## WHAT IS NEEDED
Give back every line of the data, word for word.

## TASK INPUTS
++++++++++++++++++++
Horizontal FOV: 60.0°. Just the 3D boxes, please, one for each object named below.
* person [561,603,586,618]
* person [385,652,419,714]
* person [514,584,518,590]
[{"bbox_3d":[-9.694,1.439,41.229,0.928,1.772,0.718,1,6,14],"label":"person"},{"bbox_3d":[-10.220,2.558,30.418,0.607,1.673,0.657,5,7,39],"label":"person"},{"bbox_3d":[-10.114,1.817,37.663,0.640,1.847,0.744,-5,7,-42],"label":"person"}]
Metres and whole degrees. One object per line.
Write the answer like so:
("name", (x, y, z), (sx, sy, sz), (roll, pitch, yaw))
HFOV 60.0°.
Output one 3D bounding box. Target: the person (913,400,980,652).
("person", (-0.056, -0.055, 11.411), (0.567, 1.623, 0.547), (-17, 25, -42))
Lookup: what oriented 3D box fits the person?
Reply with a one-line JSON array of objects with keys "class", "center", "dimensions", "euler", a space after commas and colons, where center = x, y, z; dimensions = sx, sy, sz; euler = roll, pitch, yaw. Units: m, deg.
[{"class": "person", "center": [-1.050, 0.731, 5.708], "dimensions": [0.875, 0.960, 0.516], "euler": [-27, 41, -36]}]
++++++++++++++++++++
## RESPONSE FOR THIS EXERCISE
Horizontal FOV: 60.0°. Just the 3D boxes, please, one for each object named below.
* person [561,603,586,618]
* person [385,652,419,714]
* person [514,584,518,590]
[{"bbox_3d":[-9.694,1.439,41.229,0.928,1.772,0.718,1,6,14],"label":"person"},{"bbox_3d":[-10.220,2.558,30.418,0.607,1.673,0.657,5,7,39],"label":"person"},{"bbox_3d":[-10.114,1.817,37.663,0.640,1.847,0.744,-5,7,-42],"label":"person"}]
Metres and whole degrees. One object per line.
Write the answer like so:
("name", (x, y, z), (sx, sy, sz), (roll, pitch, yaw))
HFOV 60.0°.
Output one 3D bounding box. Target: the person (913,400,980,652).
("person", (-0.056, -0.055, 11.411), (0.567, 1.623, 0.547), (-17, 25, -42))
Lookup: what oriented 3D box fits the person?
Reply with a one-line JSON array of objects with keys "class", "center", "dimensions", "euler", a space after commas and colons, where center = x, y, z; dimensions = sx, sy, sz; euler = roll, pitch, yaw. Units: m, deg.
[{"class": "person", "center": [-1.050, 0.731, 5.708], "dimensions": [0.875, 0.960, 0.516], "euler": [-27, 41, -36]}]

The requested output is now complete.